Dataset records:
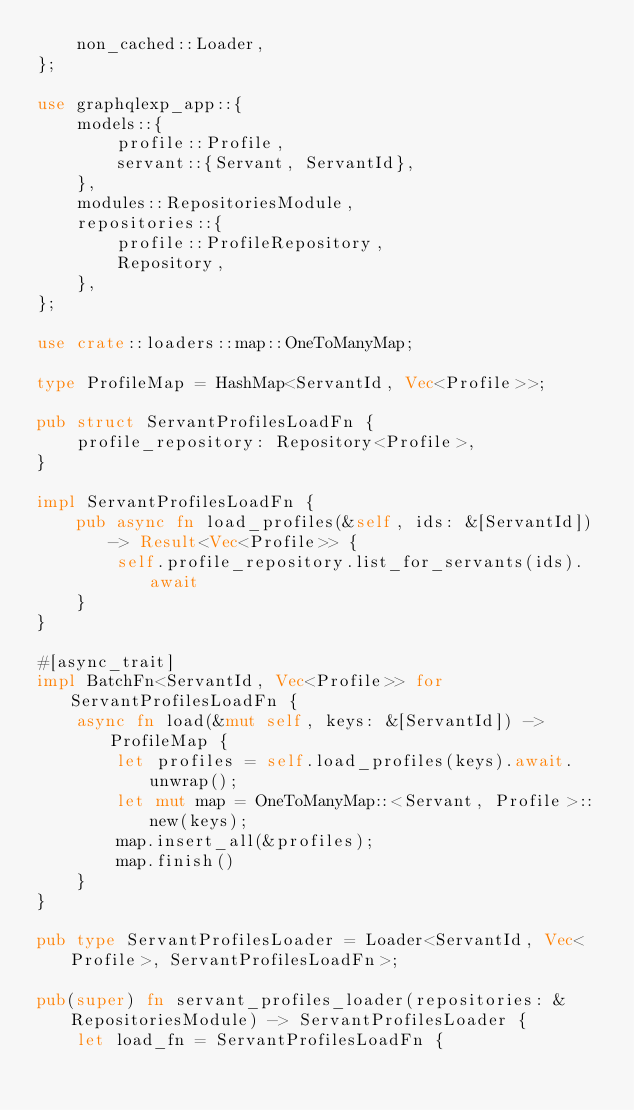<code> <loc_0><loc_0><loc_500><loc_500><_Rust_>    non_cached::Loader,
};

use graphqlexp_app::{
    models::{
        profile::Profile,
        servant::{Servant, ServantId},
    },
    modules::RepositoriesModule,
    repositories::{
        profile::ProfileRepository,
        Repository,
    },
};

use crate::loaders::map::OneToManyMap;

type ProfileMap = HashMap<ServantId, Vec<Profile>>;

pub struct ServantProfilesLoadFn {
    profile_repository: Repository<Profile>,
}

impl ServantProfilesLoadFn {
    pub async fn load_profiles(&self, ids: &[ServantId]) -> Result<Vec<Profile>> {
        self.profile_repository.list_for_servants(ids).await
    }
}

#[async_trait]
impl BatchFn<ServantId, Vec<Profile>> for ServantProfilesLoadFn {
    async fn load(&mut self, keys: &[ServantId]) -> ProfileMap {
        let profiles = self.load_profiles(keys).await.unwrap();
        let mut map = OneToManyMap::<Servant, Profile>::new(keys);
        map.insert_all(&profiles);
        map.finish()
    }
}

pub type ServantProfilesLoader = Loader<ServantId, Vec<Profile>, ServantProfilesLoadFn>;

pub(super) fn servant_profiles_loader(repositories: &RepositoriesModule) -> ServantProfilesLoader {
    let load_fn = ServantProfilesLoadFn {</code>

Work instructions: After counting the lines of the records above that hold the word "ServantProfilesLoadFn", give the total and nothing else.

Answer box: 5